If the Brexiteers really want to role play as Michael Collins, they would have to accept what they cannot bring themselves to acknowledge: that the balance of power is now against them. They are, in negotiations with the EU, the weaker party. Weaker parties, as Collins could have told them, end up having to accept a lot of stuff they don’t like.

Secondly, the achievement of the version of Irish freedom made possible by the Treaty came at a fearful price: acceptance of the partition of Ireland. The Brexiteers do not fancy that part of the analogy. It implies that England’s “freedom” could well come at the ultimate expense of the partition of the island of Britain through Scottish (and conceivably even Welsh) independence.

If the Brexiteers had really paid attention to the Treaty, they might have drawn an important lesson: if you don't think clearly about the Border question, it will come back to haunt you

Thirdly, there is that damned Border. The great failure of Collins and Griffith in the Treaty negotiations was their acceptance of vague assurances about where and how it would be drawn.

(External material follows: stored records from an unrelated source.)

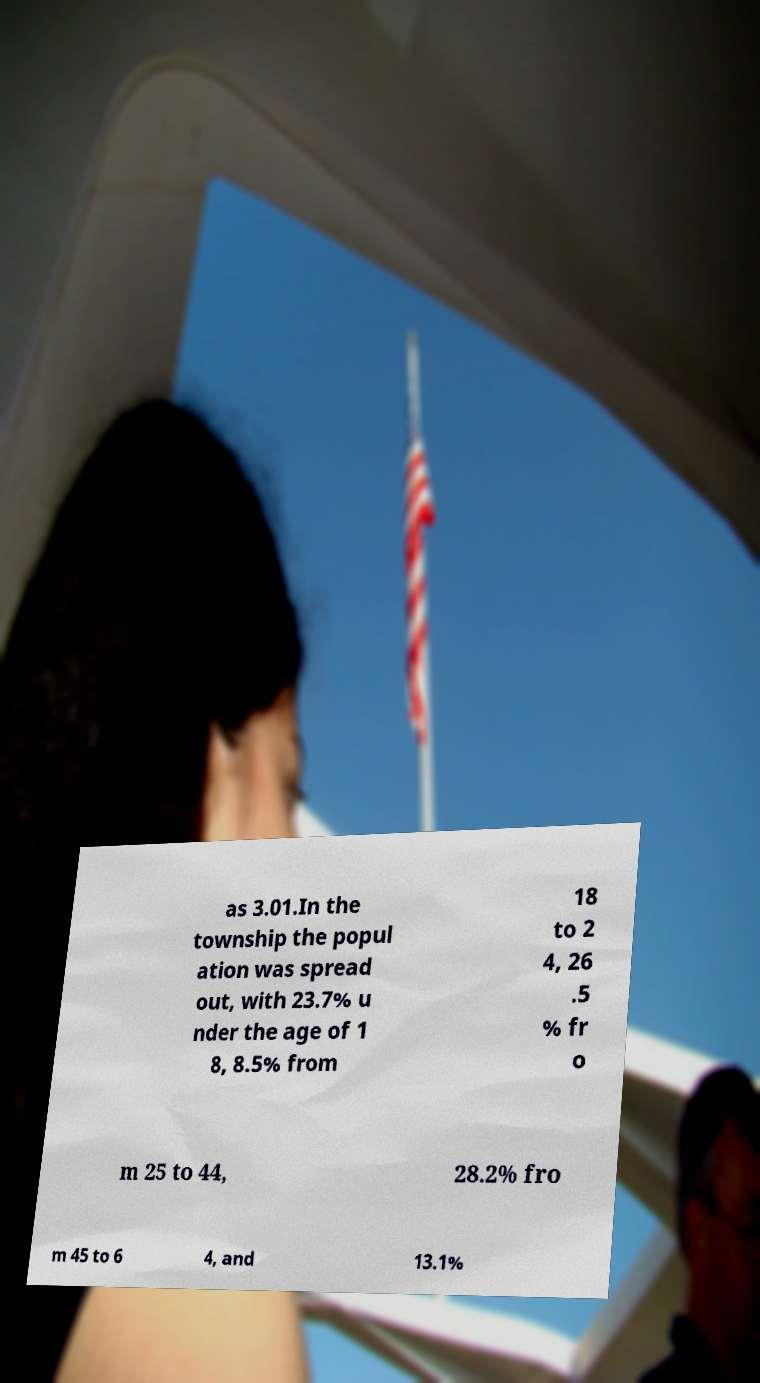For documentation purposes, I need the text within this image transcribed. Could you provide that? as 3.01.In the township the popul ation was spread out, with 23.7% u nder the age of 1 8, 8.5% from 18 to 2 4, 26 .5 % fr o m 25 to 44, 28.2% fro m 45 to 6 4, and 13.1% 
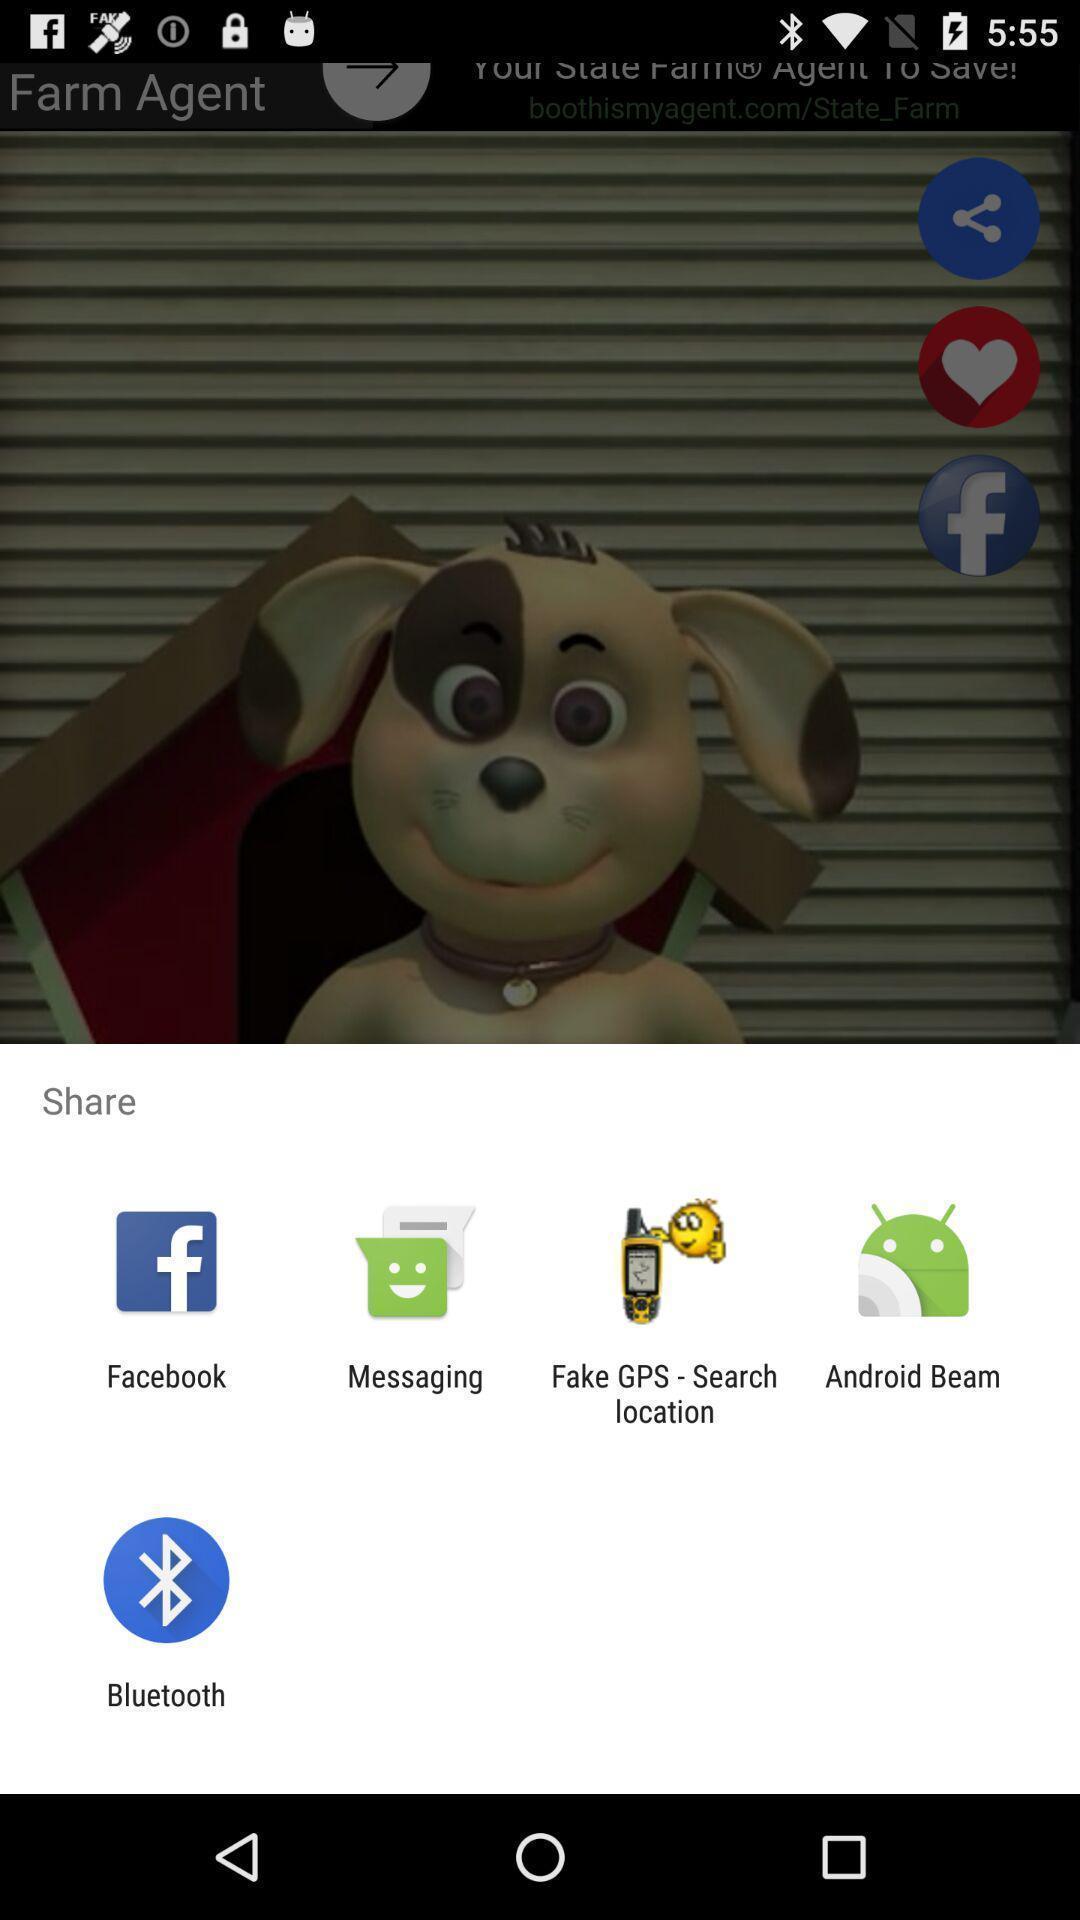Explain what's happening in this screen capture. Widget displaying different sharing applications. 
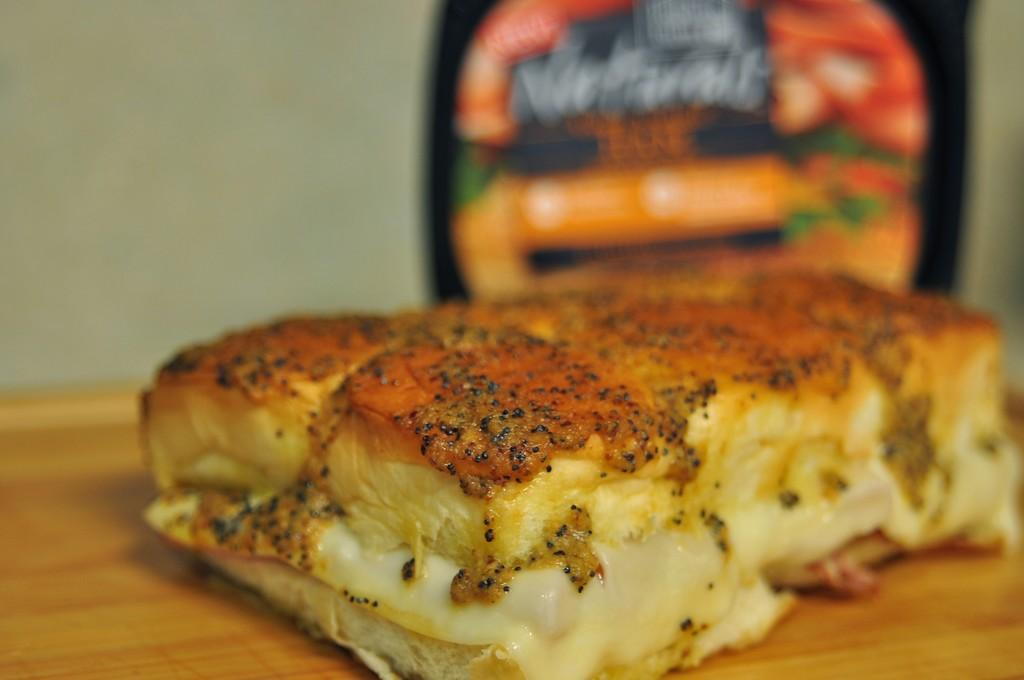What is the main object in the center of the image? There is a table in the center of the image. What is on the table? There are food items on the table. What can be seen in the background of the image? There is a wall and a banner in the background of the image. How much debt is represented by the food items on the table? There is no indication of debt in the image; it only shows food items on a table. What type of knife is being used to cut the food in the image? There is no knife visible in the image; only food items and a table are present. 
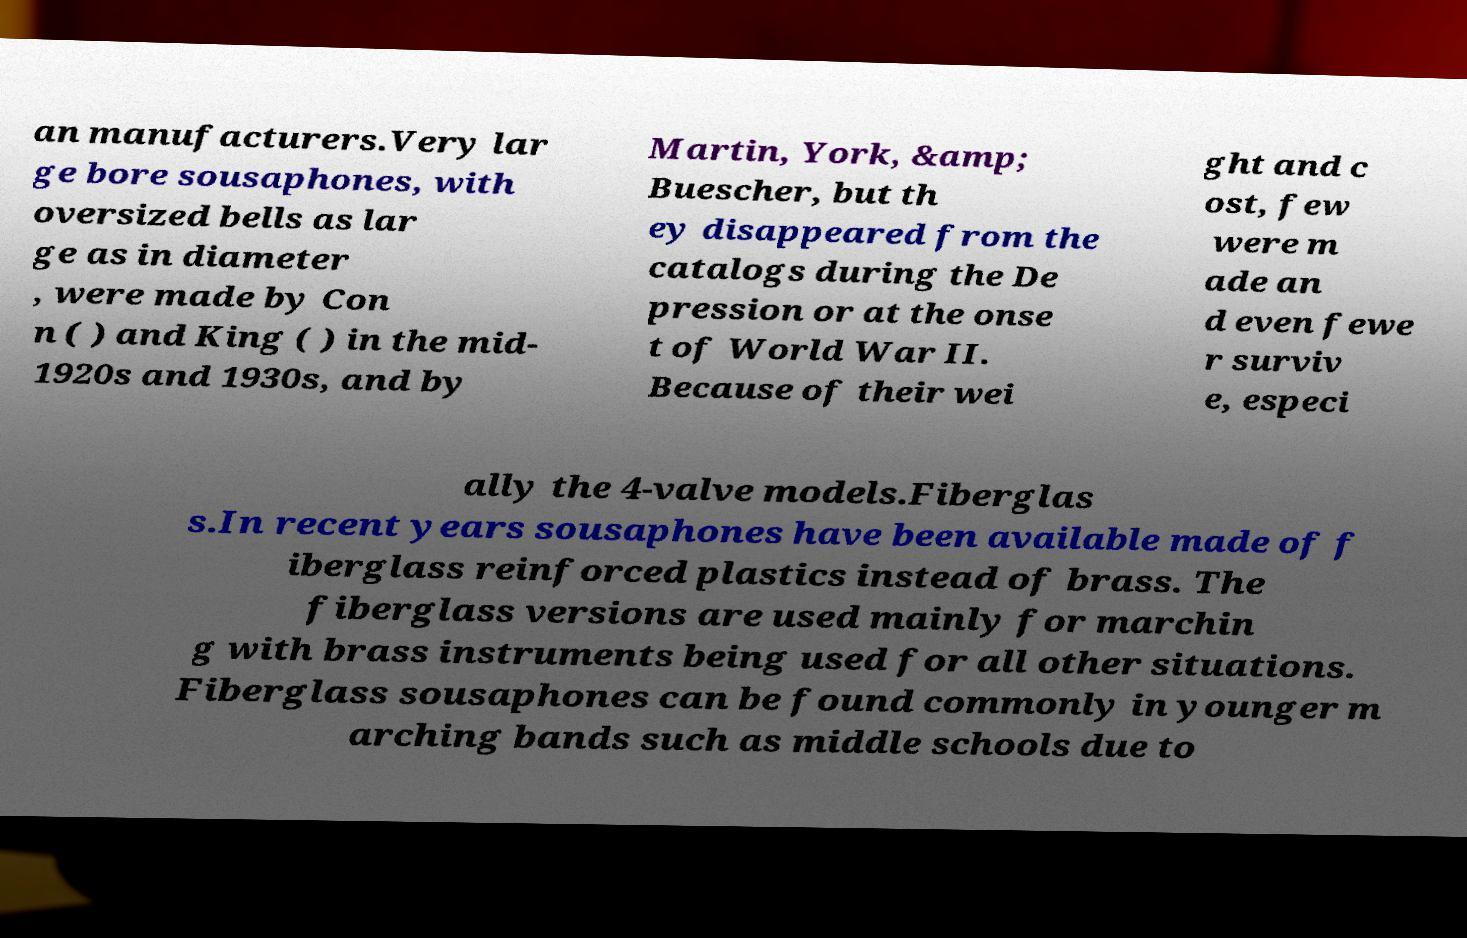Can you read and provide the text displayed in the image?This photo seems to have some interesting text. Can you extract and type it out for me? an manufacturers.Very lar ge bore sousaphones, with oversized bells as lar ge as in diameter , were made by Con n ( ) and King ( ) in the mid- 1920s and 1930s, and by Martin, York, &amp; Buescher, but th ey disappeared from the catalogs during the De pression or at the onse t of World War II. Because of their wei ght and c ost, few were m ade an d even fewe r surviv e, especi ally the 4-valve models.Fiberglas s.In recent years sousaphones have been available made of f iberglass reinforced plastics instead of brass. The fiberglass versions are used mainly for marchin g with brass instruments being used for all other situations. Fiberglass sousaphones can be found commonly in younger m arching bands such as middle schools due to 
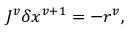Convert formula to latex. <formula><loc_0><loc_0><loc_500><loc_500>J ^ { v } \delta x ^ { v + 1 } = - r ^ { v } ,</formula> 
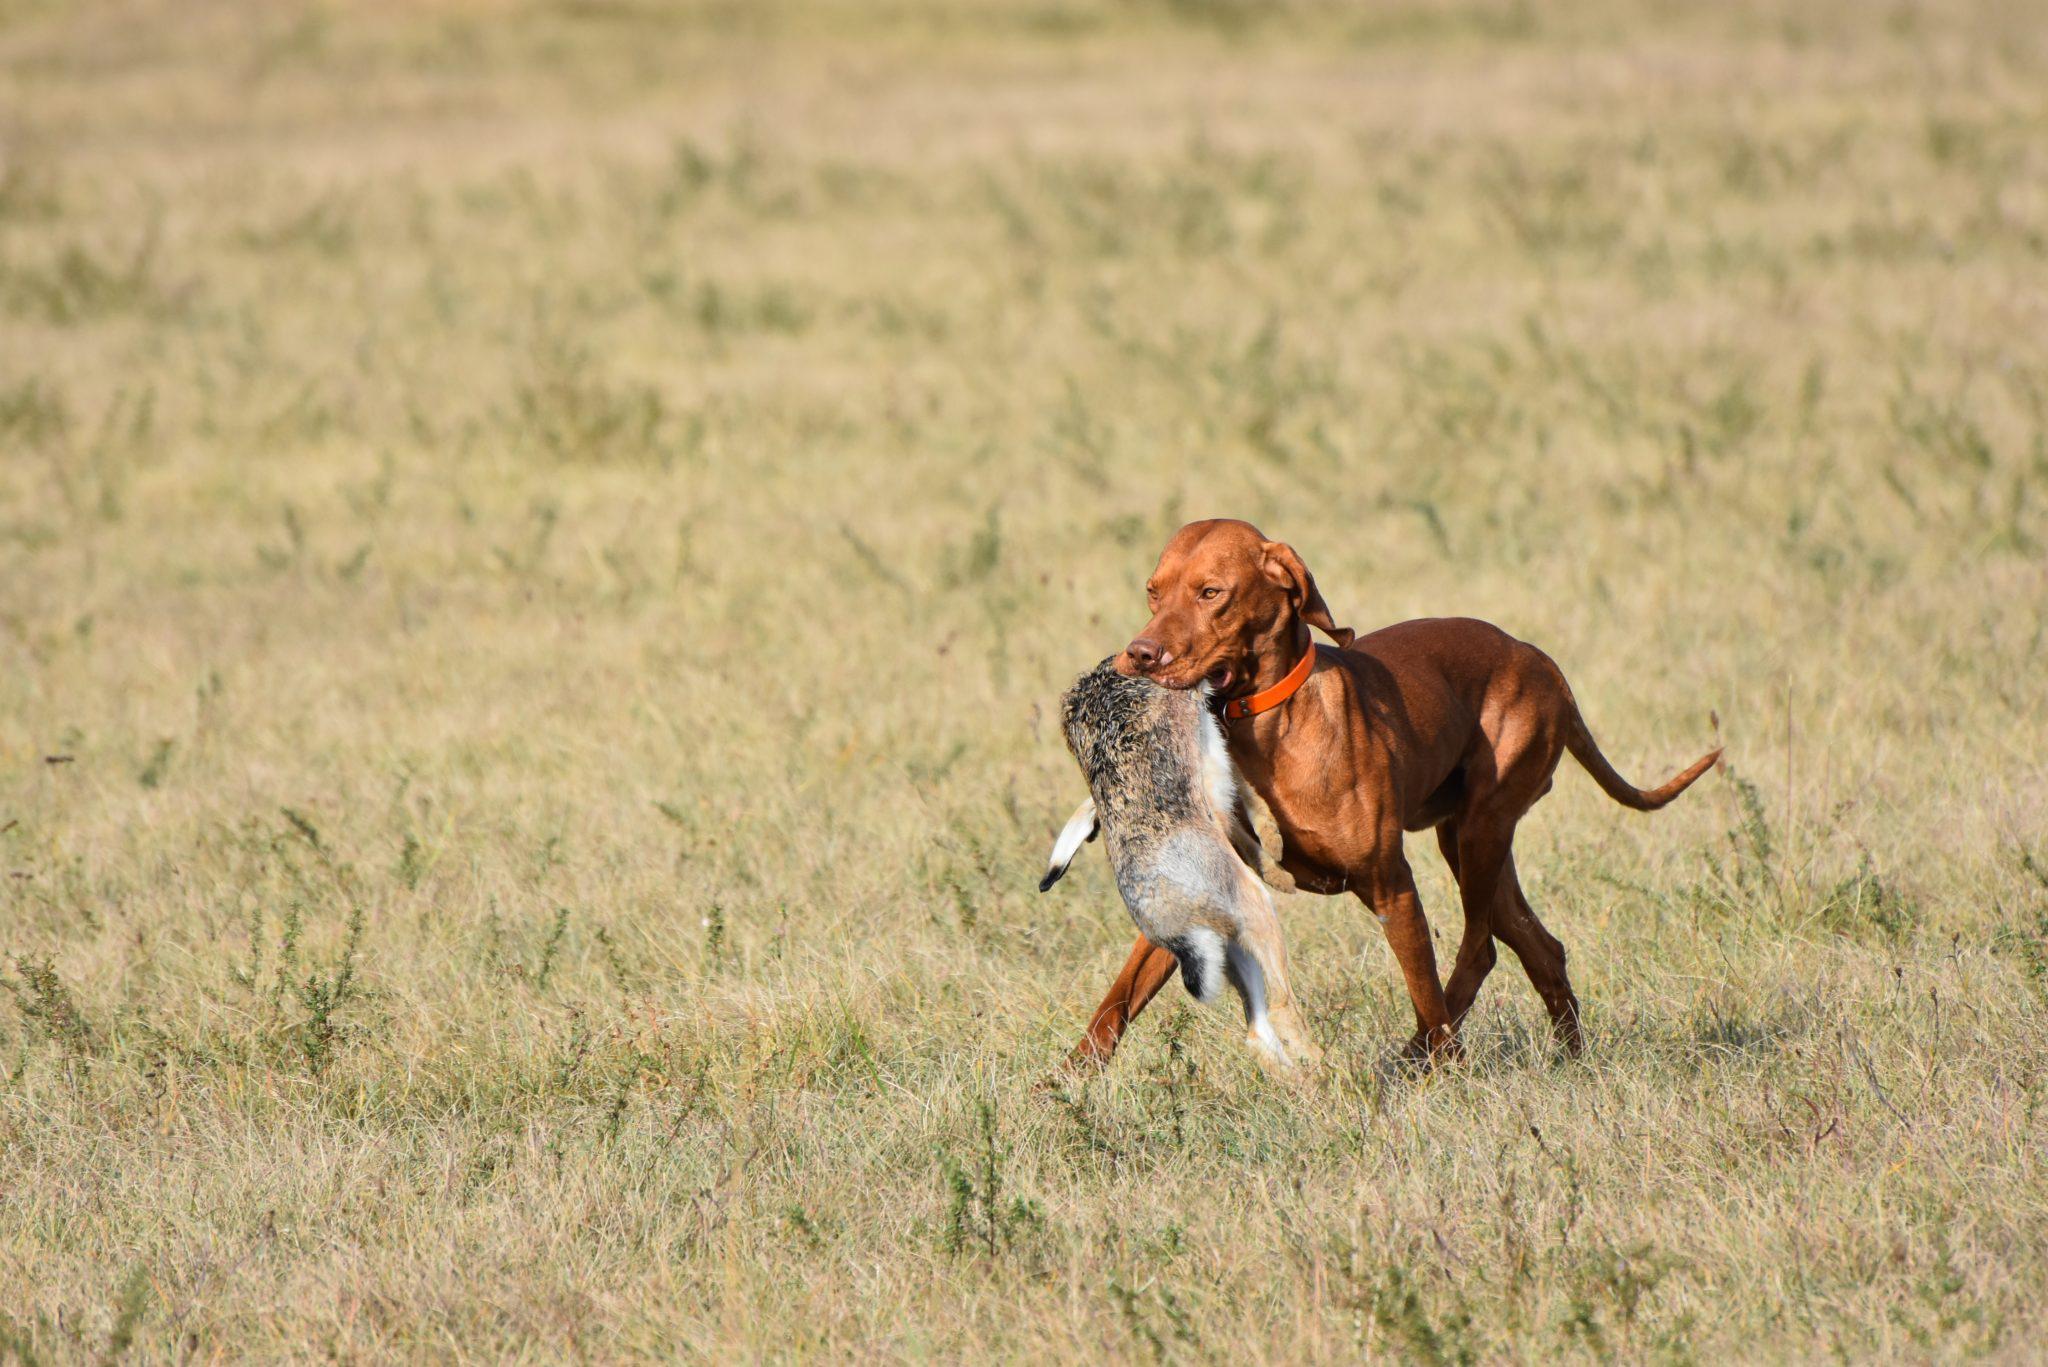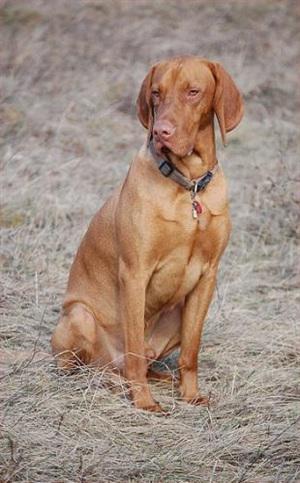The first image is the image on the left, the second image is the image on the right. Examine the images to the left and right. Is the description "The white motorbike has a dog passenger but no driver." accurate? Answer yes or no. No. The first image is the image on the left, the second image is the image on the right. Considering the images on both sides, is "The left image shows a red dog sitting in a white side car of a motorcycle without a driver on the seat." valid? Answer yes or no. No. 
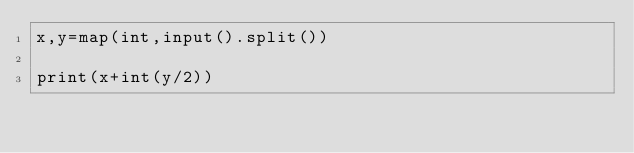Convert code to text. <code><loc_0><loc_0><loc_500><loc_500><_Python_>x,y=map(int,input().split())

print(x+int(y/2))</code> 
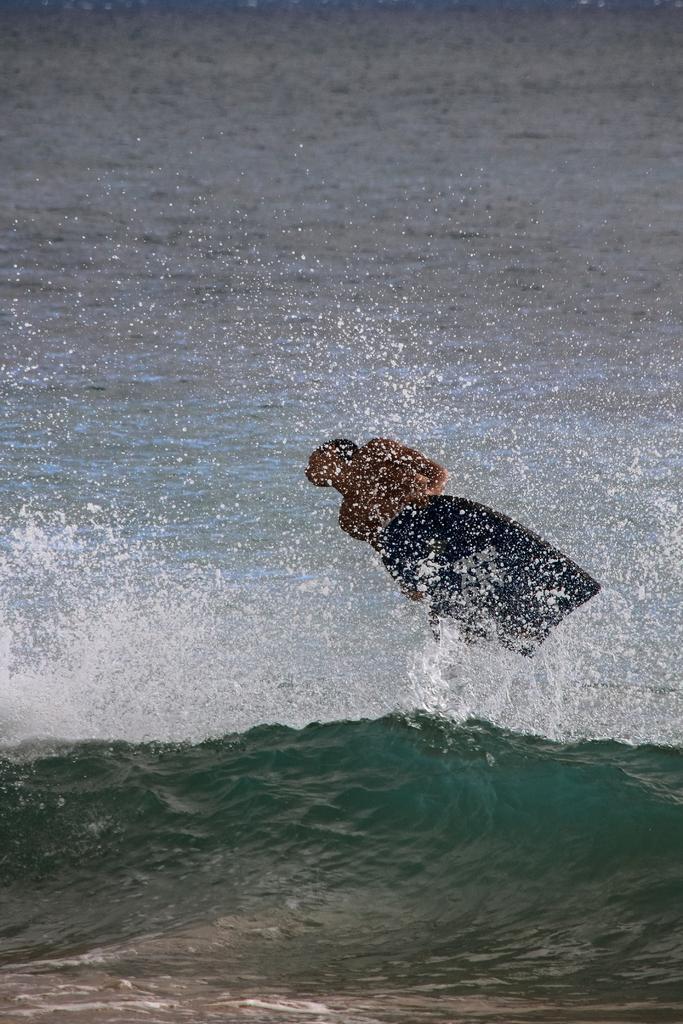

The available compromise was a county-by-county plebiscite on whether to remain in Northern Ireland or join the new Free State. This would most probably have resulted in Fermanagh and Tyrone taking the second option, putting a very different shape on partition.

But the Irish side allowed themselves to be sucked into the rather nebulous idea of a Boundary Commission, which in the end achieved nothing at all. They bought into “alternative arrangements” that looked good on paper but did not work in practice.

If the Brexiteers had really paid attention to the Treaty, they might have drawn an important lesson: if you don’t think clearly about the Border question, it will come back to haunt you.

Those dreary steeples of Fermanagh and Tyrone – a phrase minted by Winston Churchill for the House of Commons debate on the Treaty – still cast a long shadow over both Ireland and the whole Brexit project.